• WHAT THE TASK REQUIRES
The required output is the exact run of lines in the listing below from the line holding "This screenshot has" through the line holding "Given: Locate the", with no pictures.
:: THE RECORDS
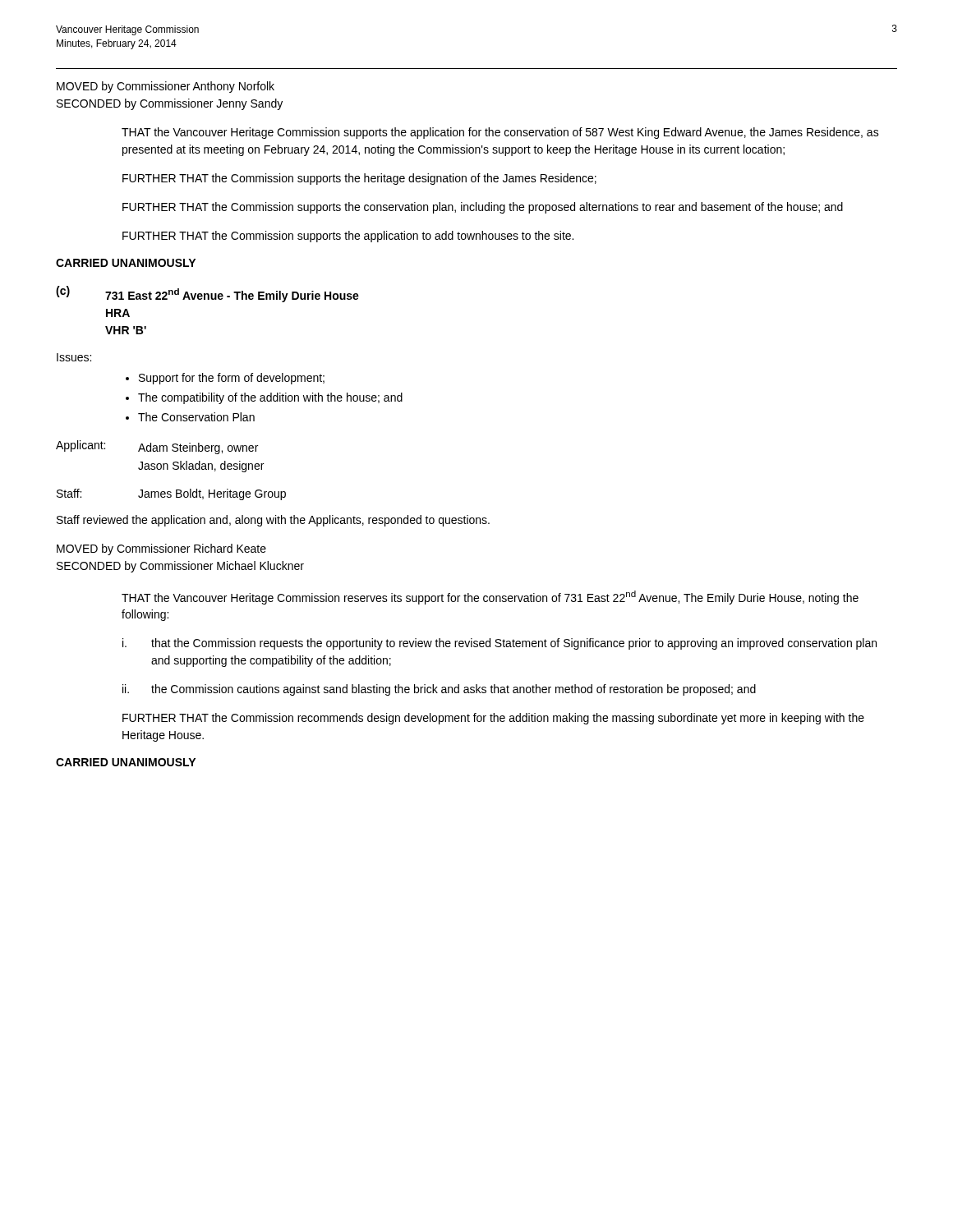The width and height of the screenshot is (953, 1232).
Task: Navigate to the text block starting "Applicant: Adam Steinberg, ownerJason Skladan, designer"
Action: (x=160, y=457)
::::
:: THE RECORDS
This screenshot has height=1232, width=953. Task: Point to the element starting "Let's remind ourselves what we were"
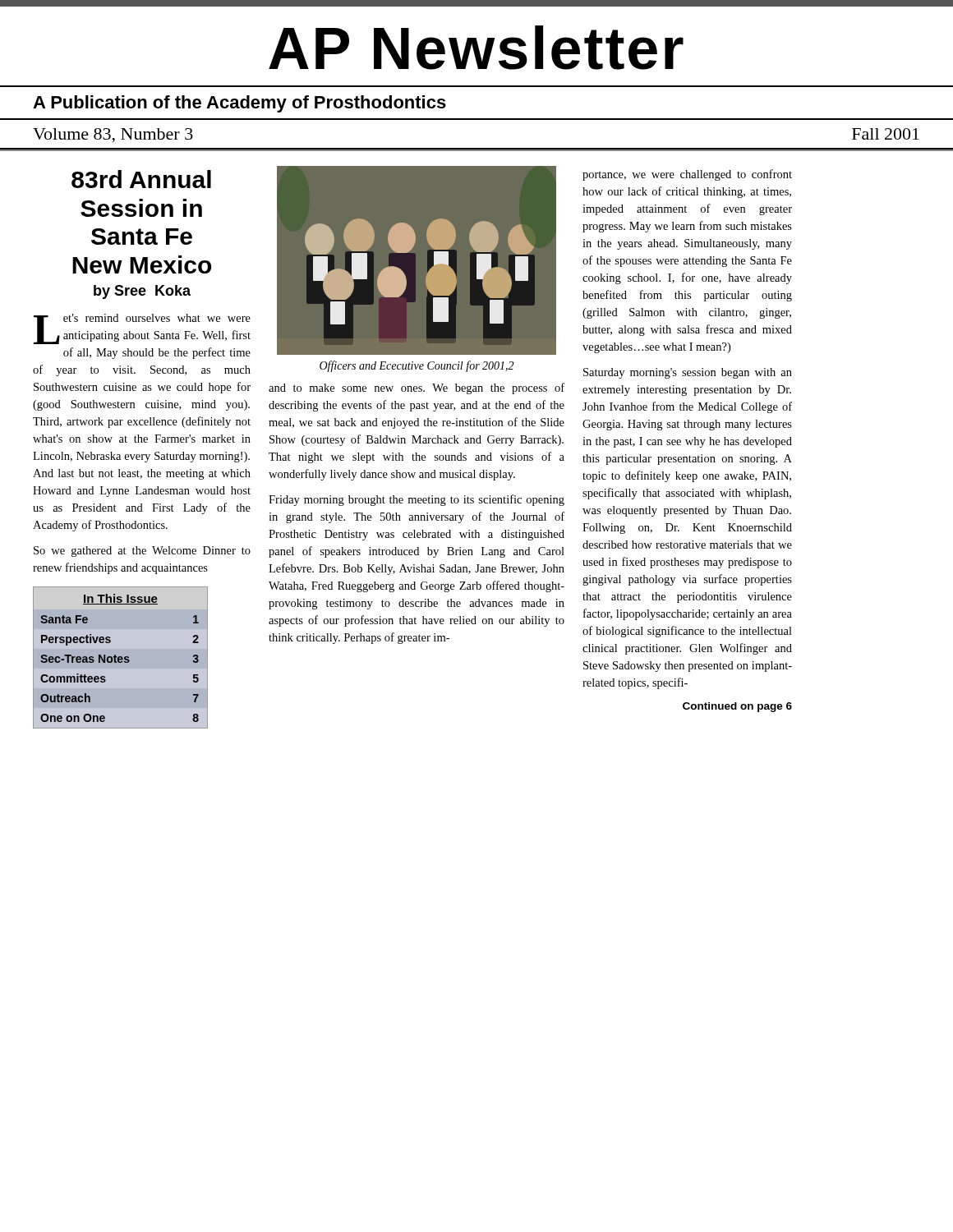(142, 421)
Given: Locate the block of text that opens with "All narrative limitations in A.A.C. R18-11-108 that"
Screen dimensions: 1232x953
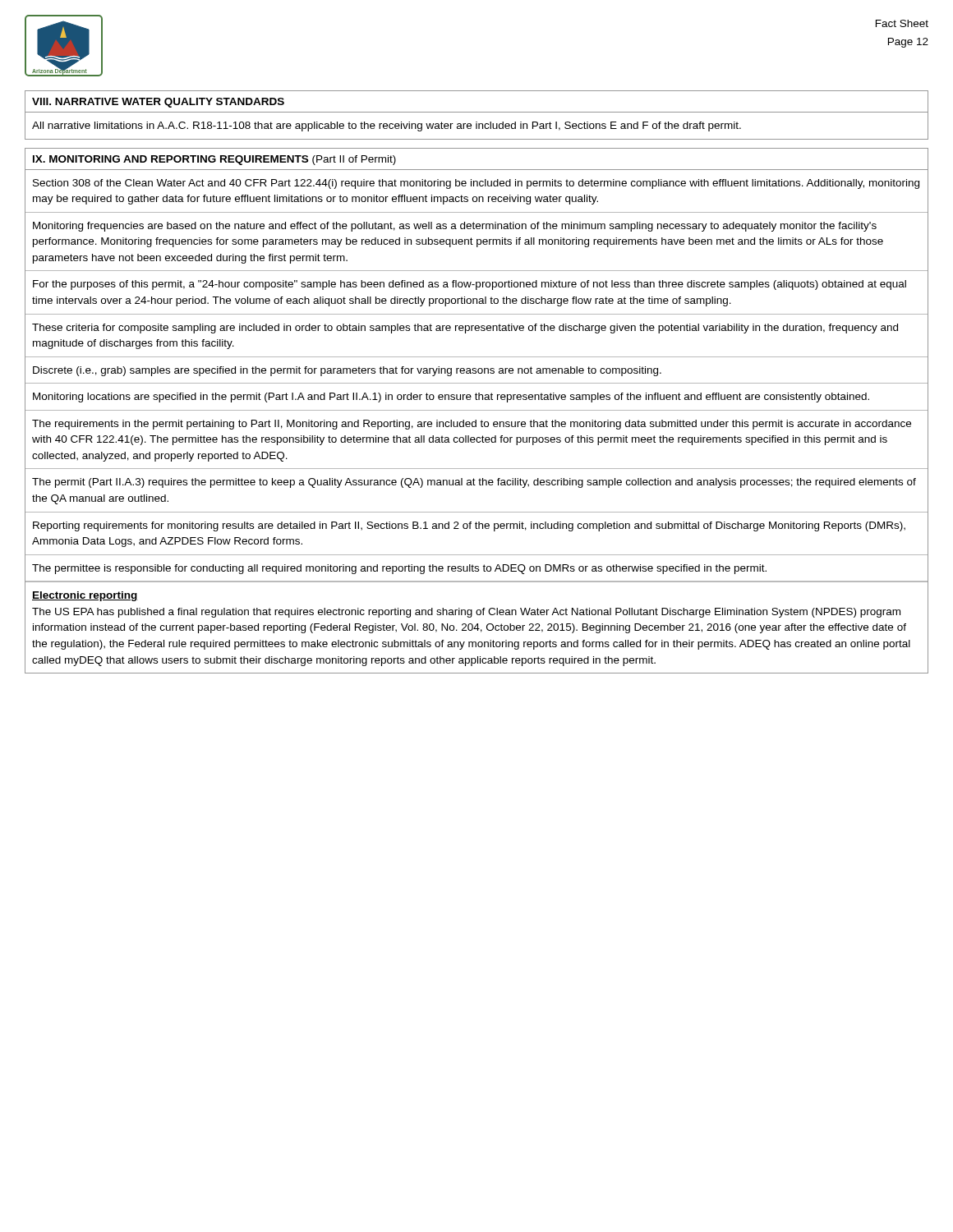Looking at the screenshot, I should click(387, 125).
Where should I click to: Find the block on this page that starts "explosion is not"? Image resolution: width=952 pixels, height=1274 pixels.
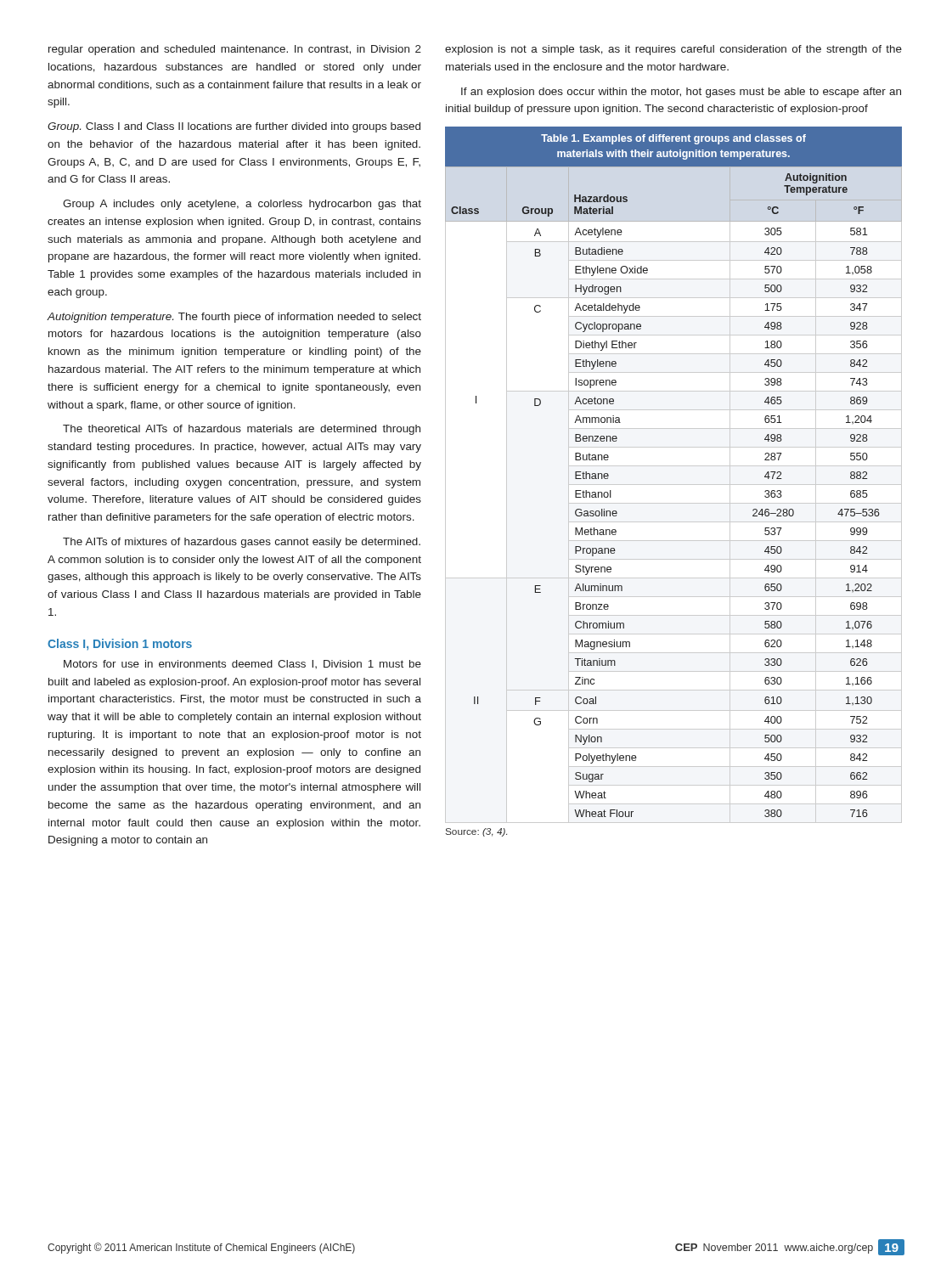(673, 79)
::::
• EXERCISE SOLUTION
This screenshot has height=1232, width=953. Task: Point to the element starting "Let's remind ourselves what we were"
(142, 421)
Given: Locate the block of text that opens with "All narrative limitations in A.A.C. R18-11-108 that"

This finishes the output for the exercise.